Expression manifolds
An expression manifold is > a smooth low-dimensional surface on which the observed states of the cells lie and can be approximated by observing the distributions of the measured cells.
This shape can be represented by neighbor graph representations that usually use k-nearest neighbors to build the network. This graph can then be represented as a matrix that has a Laplacian. The smallest eigenvalues of the Laplacian’s eigenvectors correspond to the connected components and main structural axes of the network graph. This approach can derive a low-dimensional representation of the expression manifold that helps with visualizing the data and analyzing it.
Clustering cells
A popular clustering approach is to find communities in the data with methods like Louvain or Leiden clustering. They find clusters of cells that, while useful for interpretation and differential expression analysis, are not guaranteed to carry any real meaning. They can capture anything from cell types, to cell states, to finding differences within a population that is quite transcriptionally uniform because of weak random variation.
Dynamic processes
Although scRNA-seq is typically a snapshot of a cell’s transcriptional state in time, there are measures in that snapshot that provide clues to its transcriptional dynamics. One way to do it is to trace cell density in a low-dimensional space to elucidate the trajectory cells take in that space. This requires a dataset with a representation from cells all align that trajectory. The clustering and dimensionality reduction algorithms specifics behaviours can affect the results from tracing analyses. It also needs information on the start and end points to find the path and trace the cells between them.

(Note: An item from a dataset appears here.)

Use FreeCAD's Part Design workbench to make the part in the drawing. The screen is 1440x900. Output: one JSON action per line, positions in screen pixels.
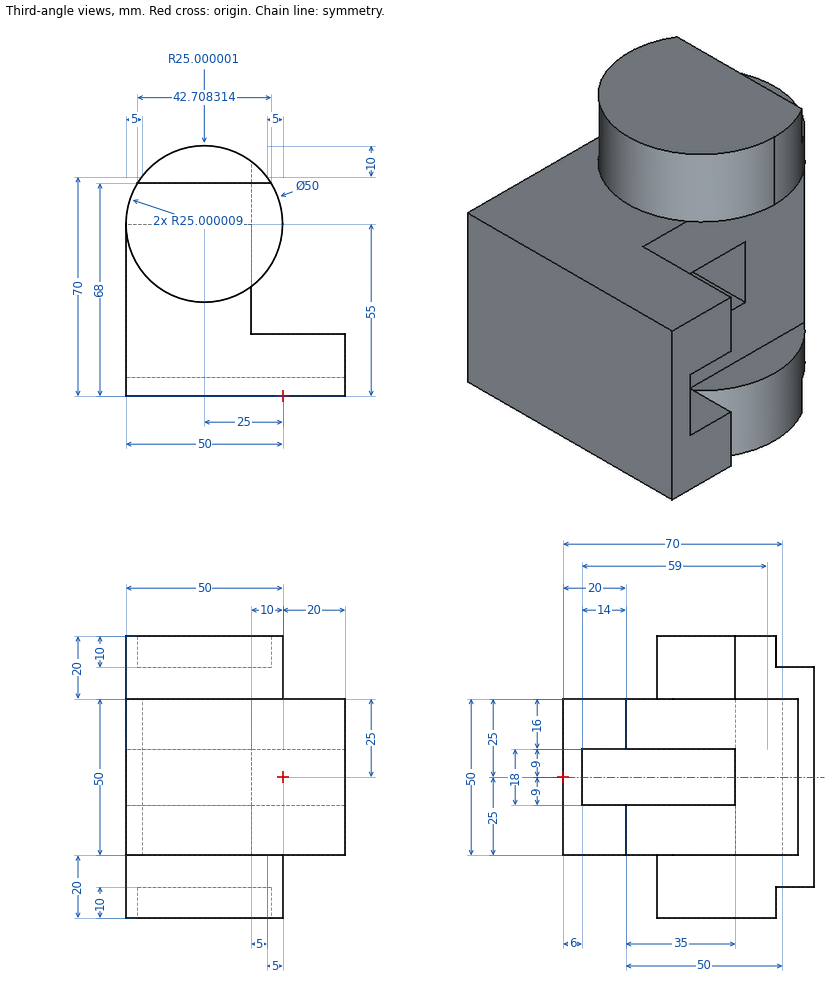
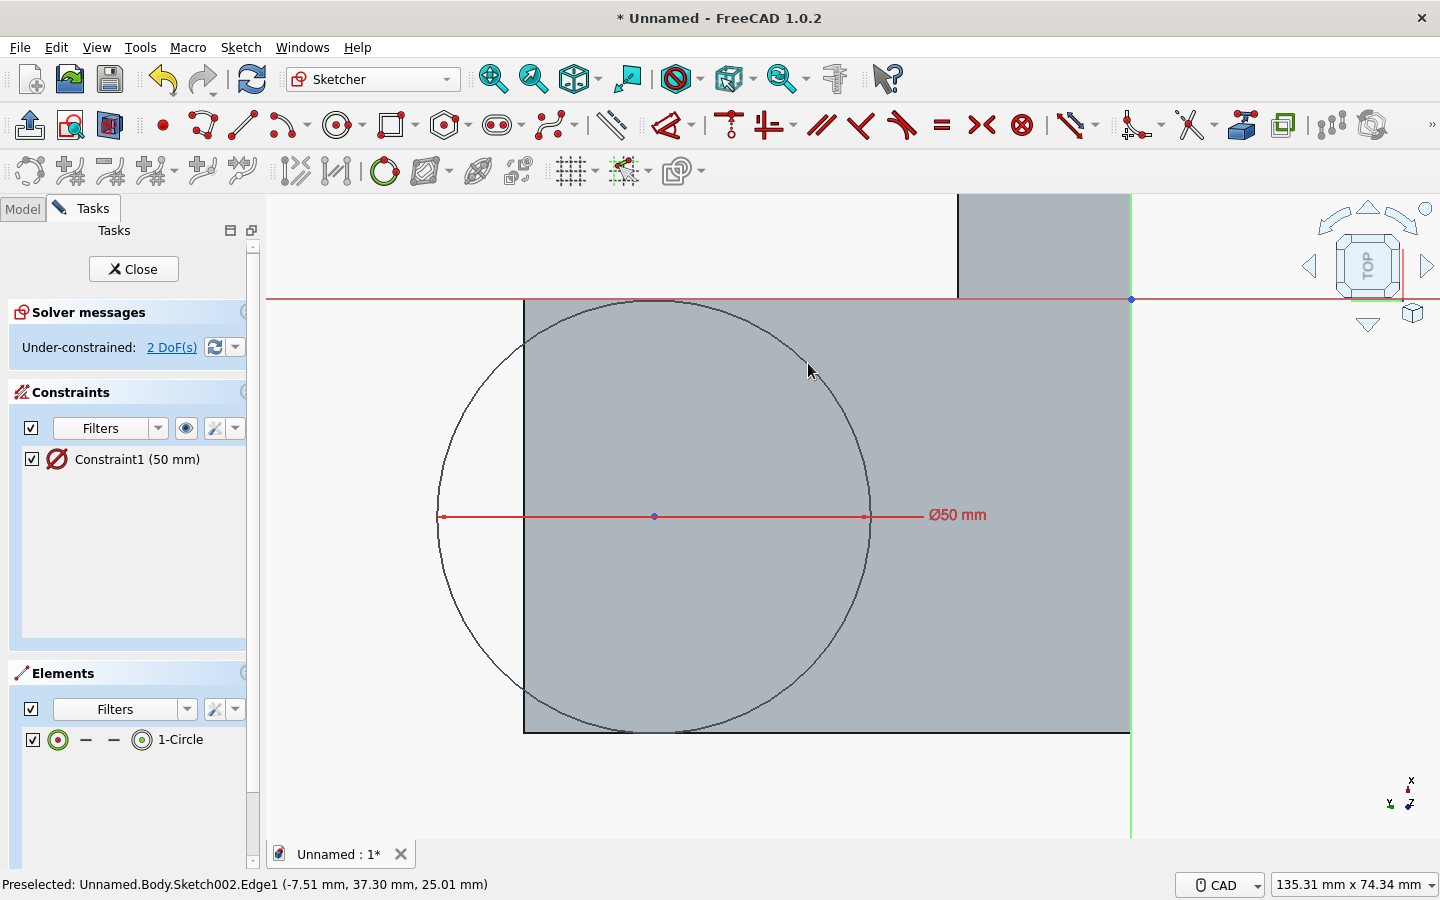
{"action": "left_click", "coordinate": [666, 126]}
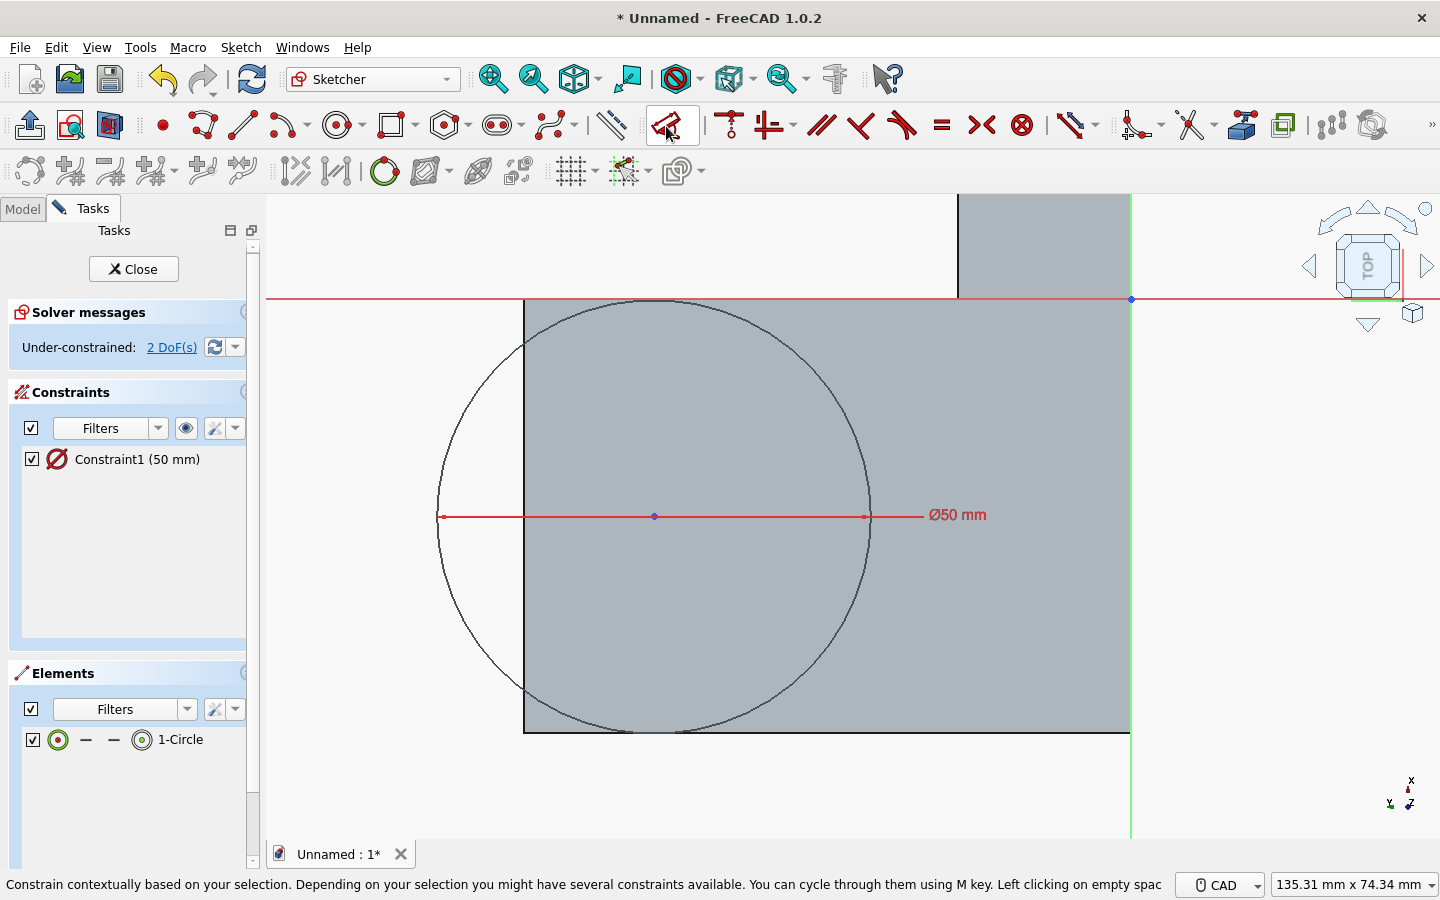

Another way is to look at the entropy in the data since we know stem or progenitor cell populations have more heterogeneity than differentiated cells. Trajectory direction can be assigned in the direction of decreasing entropy.
scRNA-seq also contains information about the RNA structure in terms of unspliced and spliced RNA. The difference between them can be used to infer what genes are being turned on and off in a cell population to see what the underlying trajectories are and what groups cells are moving towards or away from. This can reveal differentiation trajectories and lineage commitment points along them.